# WORK INSTRUCTIONS
Would you please transcribe, exactly as written, the lines of the entries below starting at the one that holds "Make the answer" and ending at the one that holds "Offer a very short reply. 5.00e+1.", both included?

# RECORDS SHOWN

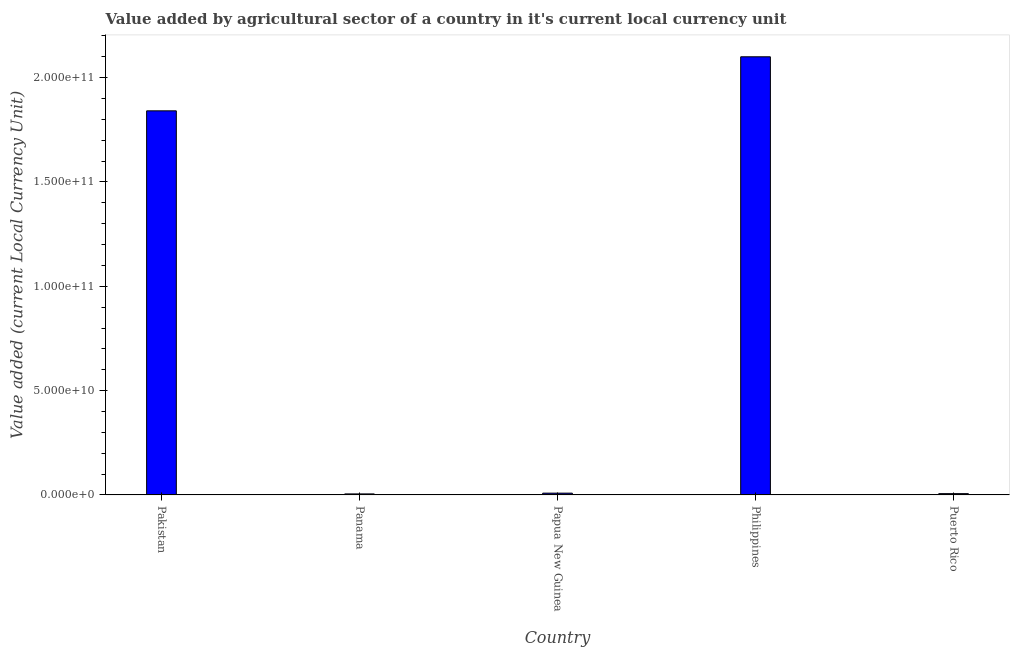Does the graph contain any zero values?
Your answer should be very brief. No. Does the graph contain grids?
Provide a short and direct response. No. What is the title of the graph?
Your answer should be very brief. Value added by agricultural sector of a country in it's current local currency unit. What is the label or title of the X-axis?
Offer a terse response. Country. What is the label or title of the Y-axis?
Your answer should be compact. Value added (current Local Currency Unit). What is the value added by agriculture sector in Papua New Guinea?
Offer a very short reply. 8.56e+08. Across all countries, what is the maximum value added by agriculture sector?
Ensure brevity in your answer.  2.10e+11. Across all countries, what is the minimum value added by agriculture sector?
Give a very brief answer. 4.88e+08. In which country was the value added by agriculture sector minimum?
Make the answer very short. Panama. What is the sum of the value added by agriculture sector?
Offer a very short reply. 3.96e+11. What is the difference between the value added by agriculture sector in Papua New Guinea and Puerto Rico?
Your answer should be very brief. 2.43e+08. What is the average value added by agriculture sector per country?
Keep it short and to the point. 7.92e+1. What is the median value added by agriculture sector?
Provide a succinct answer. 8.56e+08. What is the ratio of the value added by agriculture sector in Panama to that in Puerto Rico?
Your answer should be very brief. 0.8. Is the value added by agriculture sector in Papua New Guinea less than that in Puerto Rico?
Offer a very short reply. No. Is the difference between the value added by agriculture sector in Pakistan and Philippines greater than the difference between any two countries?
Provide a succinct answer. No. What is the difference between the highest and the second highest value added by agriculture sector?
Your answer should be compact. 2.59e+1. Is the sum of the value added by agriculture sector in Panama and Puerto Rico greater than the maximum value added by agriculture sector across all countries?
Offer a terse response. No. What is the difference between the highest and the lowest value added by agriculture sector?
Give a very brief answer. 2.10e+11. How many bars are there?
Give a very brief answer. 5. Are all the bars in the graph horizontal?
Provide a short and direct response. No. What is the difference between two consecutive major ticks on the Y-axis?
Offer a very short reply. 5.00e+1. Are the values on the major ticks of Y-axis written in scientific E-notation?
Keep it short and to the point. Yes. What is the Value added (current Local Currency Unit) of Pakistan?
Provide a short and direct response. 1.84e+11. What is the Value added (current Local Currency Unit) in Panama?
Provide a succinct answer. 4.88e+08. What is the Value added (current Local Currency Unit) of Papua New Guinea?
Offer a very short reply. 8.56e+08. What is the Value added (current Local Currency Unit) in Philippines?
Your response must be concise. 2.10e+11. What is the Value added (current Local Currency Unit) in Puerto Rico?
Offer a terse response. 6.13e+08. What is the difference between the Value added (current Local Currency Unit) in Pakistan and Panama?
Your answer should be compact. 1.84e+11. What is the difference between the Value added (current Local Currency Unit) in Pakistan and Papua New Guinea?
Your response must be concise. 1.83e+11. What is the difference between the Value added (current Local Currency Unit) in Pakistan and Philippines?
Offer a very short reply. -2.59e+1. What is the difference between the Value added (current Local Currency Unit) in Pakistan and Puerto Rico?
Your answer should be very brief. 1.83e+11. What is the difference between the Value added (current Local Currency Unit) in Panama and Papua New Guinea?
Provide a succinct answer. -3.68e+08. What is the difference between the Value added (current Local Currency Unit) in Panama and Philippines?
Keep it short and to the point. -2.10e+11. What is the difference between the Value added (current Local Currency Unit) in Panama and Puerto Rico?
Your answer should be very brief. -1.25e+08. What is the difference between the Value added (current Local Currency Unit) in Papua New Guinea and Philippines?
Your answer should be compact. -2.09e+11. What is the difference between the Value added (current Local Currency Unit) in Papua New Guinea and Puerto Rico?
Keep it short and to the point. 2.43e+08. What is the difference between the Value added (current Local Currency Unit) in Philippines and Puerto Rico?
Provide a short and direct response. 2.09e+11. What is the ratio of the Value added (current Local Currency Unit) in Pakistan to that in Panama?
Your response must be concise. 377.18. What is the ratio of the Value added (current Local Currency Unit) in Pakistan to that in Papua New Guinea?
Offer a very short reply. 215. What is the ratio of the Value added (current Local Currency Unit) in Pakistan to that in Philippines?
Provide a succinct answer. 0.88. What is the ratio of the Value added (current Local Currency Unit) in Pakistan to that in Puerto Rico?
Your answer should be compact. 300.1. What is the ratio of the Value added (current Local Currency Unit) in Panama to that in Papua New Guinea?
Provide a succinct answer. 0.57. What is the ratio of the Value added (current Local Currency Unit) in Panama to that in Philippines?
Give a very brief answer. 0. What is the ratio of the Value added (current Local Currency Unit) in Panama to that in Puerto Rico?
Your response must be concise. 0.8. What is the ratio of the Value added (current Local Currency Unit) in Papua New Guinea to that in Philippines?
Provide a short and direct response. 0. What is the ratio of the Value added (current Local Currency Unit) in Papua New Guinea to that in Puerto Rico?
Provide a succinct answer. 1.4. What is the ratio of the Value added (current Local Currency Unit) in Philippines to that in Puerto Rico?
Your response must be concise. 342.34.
* * *
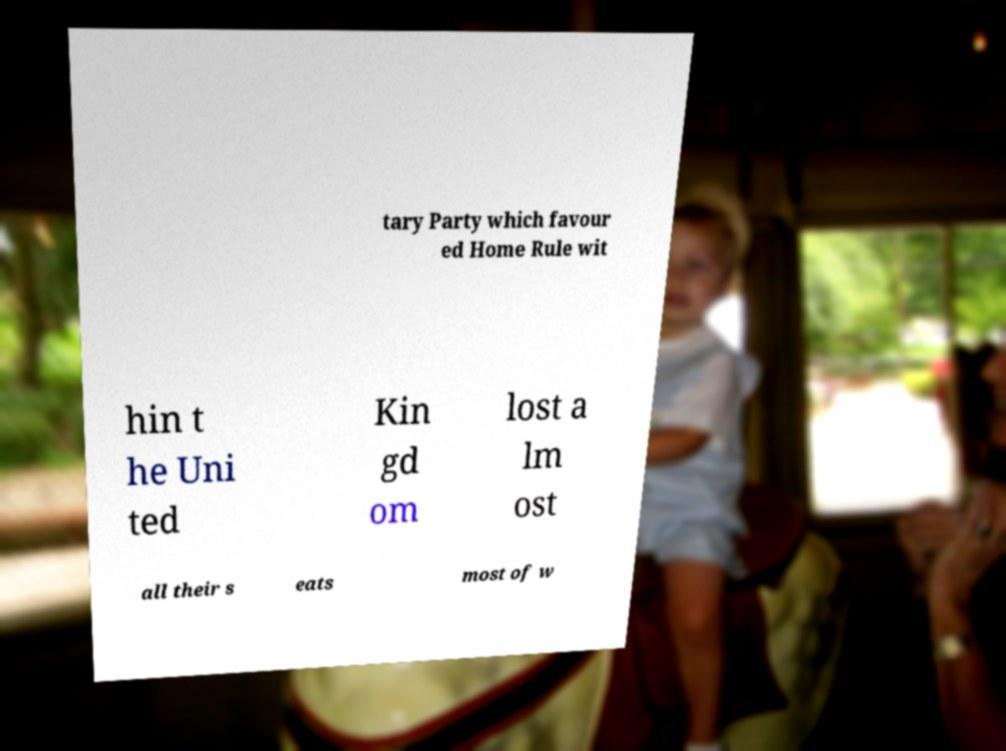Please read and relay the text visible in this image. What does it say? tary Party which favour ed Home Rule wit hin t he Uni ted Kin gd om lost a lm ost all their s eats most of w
...
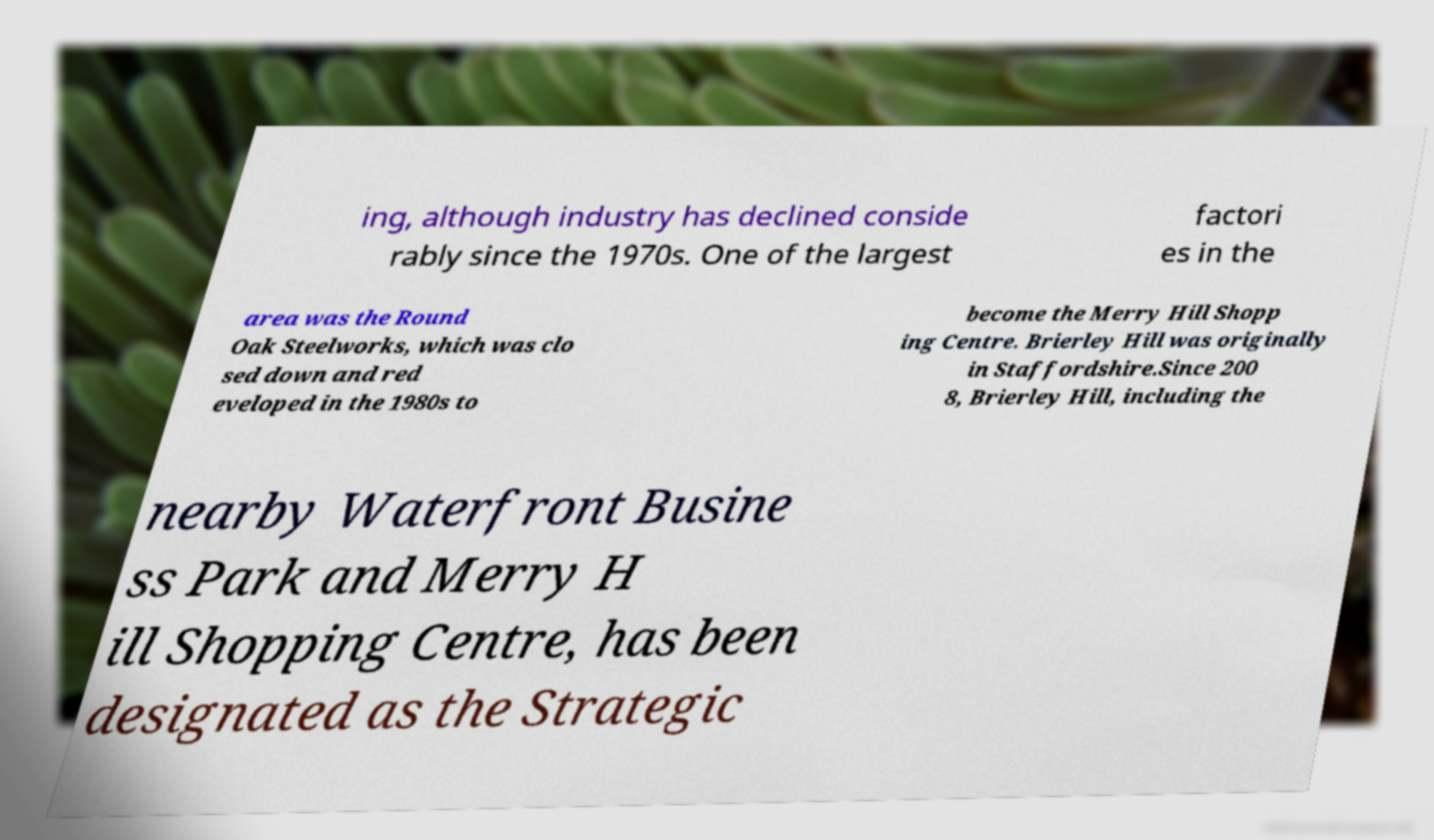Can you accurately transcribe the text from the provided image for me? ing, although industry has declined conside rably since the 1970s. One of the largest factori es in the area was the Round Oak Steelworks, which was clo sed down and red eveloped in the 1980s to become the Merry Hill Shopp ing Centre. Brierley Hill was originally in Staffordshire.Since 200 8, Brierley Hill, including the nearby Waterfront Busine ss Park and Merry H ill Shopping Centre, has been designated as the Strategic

# ANSWER FOR THIS EXERCISE
Make the answer very short. Panama. What is the sum of the value added by agriculture sector?
Offer a very short reply. 3.96e+11. What is the difference between the value added by agriculture sector in Papua New Guinea and Puerto Rico?
Your answer should be very brief. 2.43e+08. What is the average value added by agriculture sector per country?
Keep it short and to the point. 7.92e+1. What is the median value added by agriculture sector?
Provide a succinct answer. 8.56e+08. What is the ratio of the value added by agriculture sector in Panama to that in Puerto Rico?
Your answer should be very brief. 0.8. Is the value added by agriculture sector in Papua New Guinea less than that in Puerto Rico?
Offer a very short reply. No. Is the difference between the value added by agriculture sector in Pakistan and Philippines greater than the difference between any two countries?
Provide a succinct answer. No. What is the difference between the highest and the second highest value added by agriculture sector?
Your answer should be compact. 2.59e+1. Is the sum of the value added by agriculture sector in Panama and Puerto Rico greater than the maximum value added by agriculture sector across all countries?
Offer a terse response. No. What is the difference between the highest and the lowest value added by agriculture sector?
Give a very brief answer. 2.10e+11. How many bars are there?
Give a very brief answer. 5. Are all the bars in the graph horizontal?
Provide a short and direct response. No. What is the difference between two consecutive major ticks on the Y-axis?
Offer a very short reply. 5.00e+1. Are the values on the major ticks of Y-axis written in scientific E-notation?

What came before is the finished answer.